A new Data Protection Act 2018 replaced the old Data Protection Act 1998, to implement the provisions of the General Data Protection Regulation (GDPR) - the European legislation which came into force in May 2018.
Following Brexit, the UK government enacted the Data Proctection, Privacy and Electronic Communications (Amendents etc) (EU Exit) Regulations 2019 which amends the DPA, merging it with the requirements of the EU GDPR, this means the GDPR has been kept in UK law as the UK GDPR.
Personal data can continue to flow freely between the European Union and the United Kingdom in the same way as before Brexit, because the EU has now confirmed that UK data protection law provides an essentially equivalent level of protection to that guaranteed under EU law.
The EU has adopted two ‘adequacy’ decisions in 2021for the UK, pronouncing that UK data protection law is adequate to protect personal data to the standards required by the GDPR. This means (except for some immigration control purposes which are still under review) no restrictions apply to personal data transfers between the UK and EU for a minimum of four years. The UK's data protection system continues to be based on the same rules that were applicable when the UK was a Member State of the EU and the UK has fully incorporated the principles, rights and obligations of the GDPR and the Law Enforcement Directive into its post-Brexit legal system.
More information is available:
- International data transfers | ICO
- The UK GDPR | ICO
- Adequacy | ICO
- Commission adopts adequacy decisions for the UK (europa.eu)
Issues around personal data (where they are held and how they are used) are becoming ever more important; UK GDPR strengthens the rights of individuals to be informed about how their personal data are processed, to restrict the processing that is allowed and to require correction or deletion of personal data in certain circumstances.
The GDPR introducted increased fines for data breaches (the maximum fine increased to €20 million or 4% of an organisation's global turnover, if greater) and organisations are to be held more accountable for how they process and protect the personal data they hold. The UK GDPR requires the maintenance of detailed internal records of personal data processing, the preparation of data protection impact assessments for riskier processes and clearer privacy notices informing individuals about how their data will be used and ensuring that consent has been obtained in accordance with the rules where required.
The main changes introduced by the GDPR are:
- Transparency - more detailed and informative privacy notices are required; the purpose of, and legal basis for, processing must be explained.
- Consent - must be freely given, specific, informed and unambiguous; consent must be provided by clear affirmative action.
- Accountability - new requirements for demonstrating compliance; Privacy Impact Assessments required for new processing activities; data protection by design and default is expected.

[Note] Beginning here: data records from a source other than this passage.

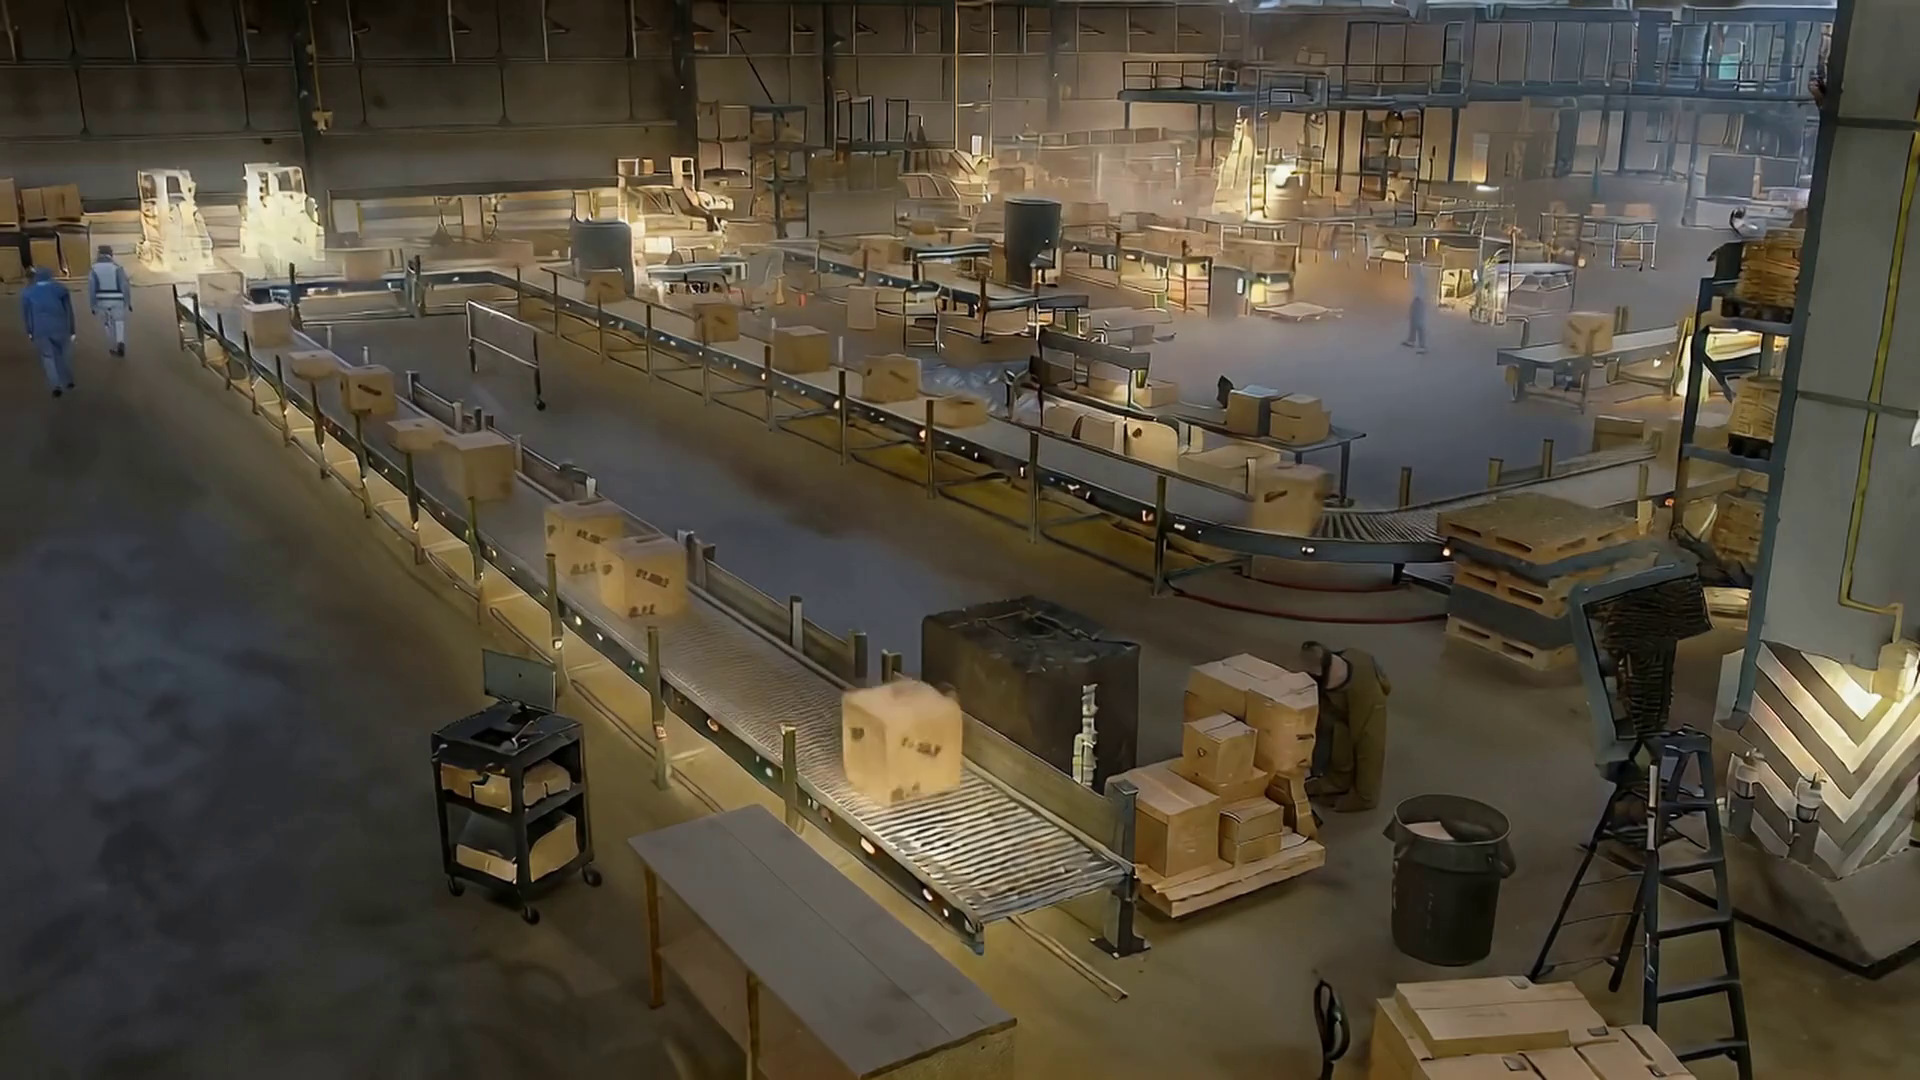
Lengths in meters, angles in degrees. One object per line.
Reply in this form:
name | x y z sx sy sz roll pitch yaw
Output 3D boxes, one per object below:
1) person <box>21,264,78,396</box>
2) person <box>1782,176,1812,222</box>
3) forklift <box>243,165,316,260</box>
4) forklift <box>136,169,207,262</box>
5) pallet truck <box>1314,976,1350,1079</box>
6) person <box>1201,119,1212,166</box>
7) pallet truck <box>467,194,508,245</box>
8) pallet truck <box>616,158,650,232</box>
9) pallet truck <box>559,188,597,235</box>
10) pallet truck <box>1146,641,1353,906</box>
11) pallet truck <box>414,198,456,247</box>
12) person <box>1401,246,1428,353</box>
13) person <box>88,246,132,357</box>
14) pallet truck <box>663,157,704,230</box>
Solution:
person | -13.191 -3.072 24.160 0.674 1.859 0.950 -7 18 -23
person | 19.059 -7.244 37.799 0.651 2.007 0.557 -7 18 -22
forklift | -15.898 -7.669 38.708 1.157 1.987 2.680 -11 20 -33
forklift | -17.842 -7.318 37.559 1.157 1.987 2.680 -10 20 -31
pallet truck | 2.299 2.390 7.086 1.601 1.201 0.680 -2 17 -7
person | 10.004 -16.243 67.965 0.574 1.884 0.356 -11 20 -34
pallet truck | -11.983 -8.177 42.137 0.704 1.261 1.522 -11 20 -33
pallet truck | -8.918 -9.176 44.255 0.823 1.965 1.885 -9 19 -27
pallet truck | -10.010 -8.652 43.699 0.653 1.274 1.630 -10 20 -31
pallet truck | 1.664 1.407 10.232 1.630 1.274 0.653 -10 20 -31
pallet truck | -13.250 -8.060 41.856 0.680 1.201 1.601 -10 20 -31
person | 7.522 -3.965 27.396 0.565 1.720 0.638 7 18 23
person | -13.682 -3.827 26.804 0.623 1.798 0.789 -9 19 -26
pallet truck | -7.586 -9.308 44.692 0.823 1.965 1.885 -11 20 -33
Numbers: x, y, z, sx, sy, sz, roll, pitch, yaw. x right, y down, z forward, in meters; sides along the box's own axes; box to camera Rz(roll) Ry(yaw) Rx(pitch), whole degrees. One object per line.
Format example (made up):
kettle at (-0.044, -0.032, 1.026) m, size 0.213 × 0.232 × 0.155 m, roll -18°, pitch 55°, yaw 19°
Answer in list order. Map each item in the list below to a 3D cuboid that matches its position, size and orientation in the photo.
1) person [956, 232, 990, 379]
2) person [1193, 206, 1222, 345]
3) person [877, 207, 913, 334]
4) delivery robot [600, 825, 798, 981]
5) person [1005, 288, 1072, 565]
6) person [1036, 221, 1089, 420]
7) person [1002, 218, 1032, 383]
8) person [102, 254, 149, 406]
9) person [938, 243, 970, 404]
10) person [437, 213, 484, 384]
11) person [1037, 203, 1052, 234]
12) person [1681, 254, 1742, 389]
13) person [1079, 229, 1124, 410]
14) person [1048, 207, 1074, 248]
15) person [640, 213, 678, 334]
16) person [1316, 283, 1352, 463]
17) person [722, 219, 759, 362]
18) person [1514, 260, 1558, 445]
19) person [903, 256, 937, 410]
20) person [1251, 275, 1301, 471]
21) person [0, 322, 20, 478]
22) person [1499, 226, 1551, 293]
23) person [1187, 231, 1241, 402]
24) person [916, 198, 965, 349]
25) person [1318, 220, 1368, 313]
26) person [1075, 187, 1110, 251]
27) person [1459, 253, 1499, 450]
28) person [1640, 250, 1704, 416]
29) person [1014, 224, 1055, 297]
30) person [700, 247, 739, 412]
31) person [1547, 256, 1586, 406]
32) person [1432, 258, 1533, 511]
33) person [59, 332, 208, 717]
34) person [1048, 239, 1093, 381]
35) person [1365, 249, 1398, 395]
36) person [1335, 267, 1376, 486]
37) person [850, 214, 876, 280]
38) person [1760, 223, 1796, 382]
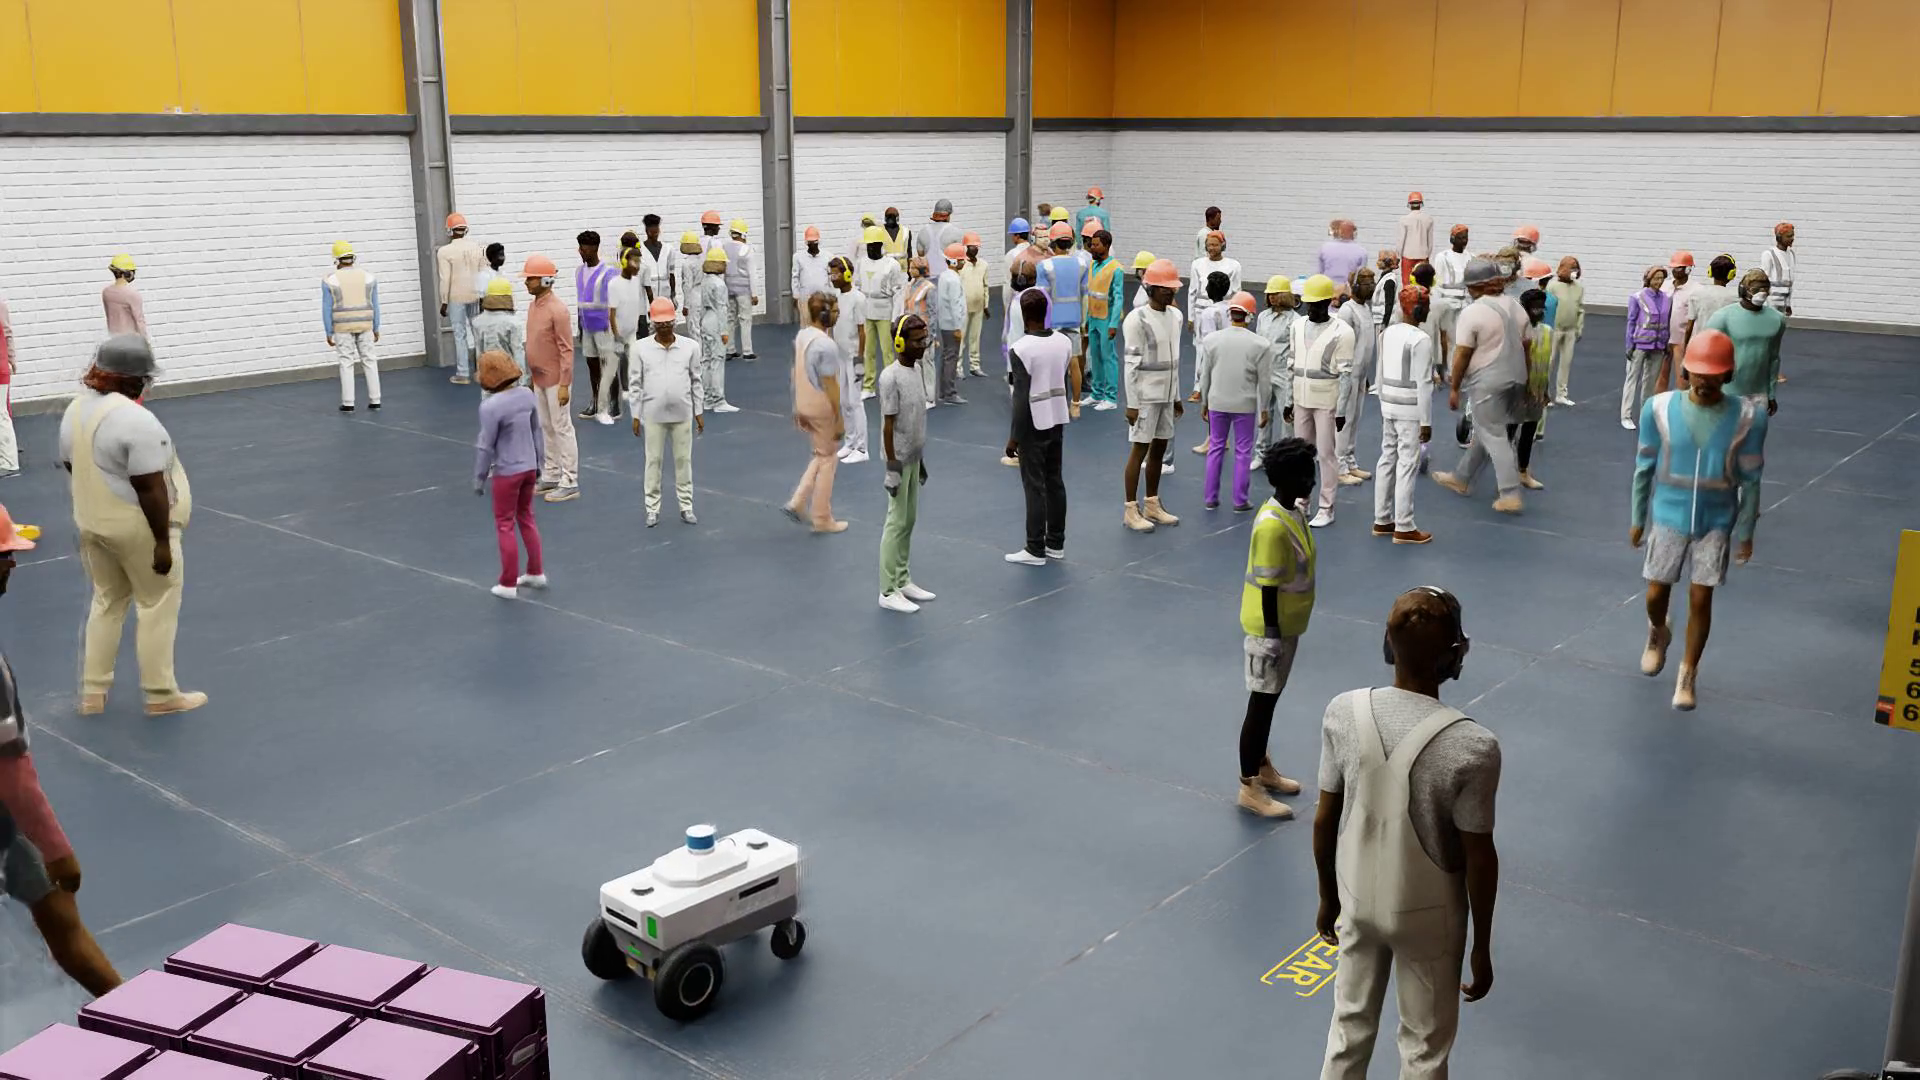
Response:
person at (0.125, -2.823, 20.026) m, size 0.563 × 1.756 × 0.321 m, roll -9°, pitch 17°, yaw -32°
person at (3.420, -3.652, 23.044) m, size 0.396 × 1.911 × 0.587 m, roll 6°, pitch 15°, yaw 23°
person at (-0.991, -3.927, 24.273) m, size 0.633 × 1.843 × 0.429 m, roll -4°, pitch 14°, yaw -14°
delivery robot at (-0.920, 1.262, 5.955) m, size 0.477 × 0.478 × 0.707 m, roll 13°, pitch 19°, yaw 42°
person at (0.549, -0.776, 11.532) m, size 0.398 × 1.915 × 0.588 m, roll 12°, pitch 18°, yaw 39°
person at (1.030, -2.239, 17.114) m, size 0.605 × 2.045 × 0.385 m, roll -6°, pitch 15°, yaw -23°
person at (0.738, -2.820, 19.662) m, size 0.606 × 1.938 × 0.431 m, roll -12°, pitch 18°, yaw -40°
person at (-8.317, -1.974, 16.643) m, size 0.521 × 1.756 × 0.359 m, roll 6°, pitch 15°, yaw 23°
person at (-0.061, -2.370, 18.226) m, size 0.342 × 1.749 × 0.573 m, roll -3°, pitch 14°, yaw -13°
person at (-5.872, -2.846, 19.636) m, size 0.392 × 1.995 × 0.612 m, roll 12°, pitch 19°, yaw 40°
person at (1.501, -5.275, 30.094) m, size 0.400 × 1.619 × 0.502 m, roll -5°, pitch 15°, yaw -20°
person at (6.871, -1.667, 15.181) m, size 0.531 × 1.870 × 0.316 m, roll 11°, pitch 18°, yaw 37°
person at (1.535, -2.358, 17.843) m, size 0.391 × 1.920 × 0.587 m, roll -7°, pitch 16°, yaw -27°
person at (1.346, -3.525, 22.489) m, size 0.371 × 1.925 × 0.595 m, roll 3°, pitch 14°, yaw 14°
person at (-3.722, -2.981, 20.238) m, size 0.603 × 1.966 × 0.368 m, roll -8°, pitch 16°, yaw -30°
person at (3.369, -1.465, 14.843) m, size 0.308 × 1.640 × 0.511 m, roll -2°, pitch 14°, yaw -8°
person at (-2.852, -3.226, 21.514) m, size 0.594 × 1.826 × 0.404 m, roll 9°, pitch 17°, yaw 31°
person at (5.464, -1.785, 15.889) m, size 0.334 × 1.749 × 0.576 m, roll 11°, pitch 18°, yaw 38°
person at (-0.426, -2.216, 17.839) m, size 0.313 × 1.642 × 0.513 m, roll -9°, pitch 17°, yaw -32°
person at (2.749, -1.435, 14.514) m, size 0.487 × 1.744 × 0.295 m, roll 13°, pitch 19°, yaw 42°
person at (-8.445, -1.411, 14.431) m, size 0.353 × 1.738 × 0.574 m, roll -11°, pitch 18°, yaw -36°
person at (5.997, -2.381, 17.905) m, size 0.633 × 1.955 × 0.702 m, roll 5°, pitch 15°, yaw 19°
person at (2.773, -2.434, 18.221) m, size 0.585 × 1.880 × 0.344 m, roll 6°, pitch 15°, yaw 22°
person at (-0.211, -3.612, 22.608) m, size 0.688 × 2.000 × 0.539 m, roll 7°, pitch 16°, yaw 26°
person at (4.775, -3.068, 20.852) m, size 0.634 × 1.853 × 1.043 m, roll 6°, pitch 15°, yaw 21°
person at (2.224, -4.850, 27.665) m, size 0.608 × 1.987 × 0.391 m, roll 7°, pitch 16°, yaw 26°
person at (4.954, -1.753, 15.575) m, size 0.389 × 1.845 × 0.564 m, roll 9°, pitch 17°, yaw 33°
person at (7.380, -2.109, 17.182) m, size 0.330 × 1.753 × 0.561 m, roll -8°, pitch 16°, yaw -30°
person at (0.909, -2.635, 18.977) m, size 0.650 × 1.907 × 0.409 m, roll -12°, pitch 18°, yaw -40°
person at (-2.588, -2.240, 17.736) m, size 0.313 × 1.741 × 0.487 m, roll -8°, pitch 16°, yaw -30°
person at (6.546, -2.261, 18.056) m, size 0.519 × 1.623 × 0.301 m, roll -4°, pitch 14°, yaw -14°
person at (4.215, -1.277, 13.279) m, size 0.711 × 2.000 × 1.037 m, roll -9°, pitch 17°, yaw -33°
person at (-4.293, -0.098, 8.567) m, size 0.798 × 2.000 × 0.594 m, roll 8°, pitch 16°, yaw 28°
person at (1.253, -2.702, 19.494) m, size 0.818 × 1.789 × 0.589 m, roll 2°, pitch 14°, yaw 7°
person at (4.799, -2.463, 18.831) m, size 0.307 × 1.641 × 0.511 m, roll 1°, pitch 14°, yaw 5°
person at (3.356, -1.392, 14.134) m, size 0.341 × 1.845 × 0.511 m, roll 8°, pitch 16°, yaw 30°
person at (-1.379, -3.947, 24.608) m, size 0.505 × 1.711 × 0.782 m, roll -8°, pitch 16°, yaw -28°
person at (9.646, -2.796, 19.668) m, size 0.580 × 1.883 × 0.352 m, roll -10°, pitch 17°, yaw -34°

- Children - new rules for consent to processing children's data
- Sensitive personal data - called 'special categories of data' - extended to cover genetic and biometric data.
- Pseudonymisation - use of data in this form is encouraged, e.g. where data is used for statistical, historical or research purposes.
- Subject access requests - no charge for these; response required within one month rather than 40 days.
- Breach - stricter time limits for notification.
- Right to be forgotten - data subjects can request deletion of data.
- Portability - data subjects can request that data is made available in a portable format (a structured, commonly used and machine-readable form).
- Data processors - now have direct statutory obligations, as well as data controllers.
- International transfers - new rules for transfer outside the EEA.
- Fines for breach - maximum increased from £500,000 to £17 million (€20 million), or 4% of an organisation's global turnover, if greater.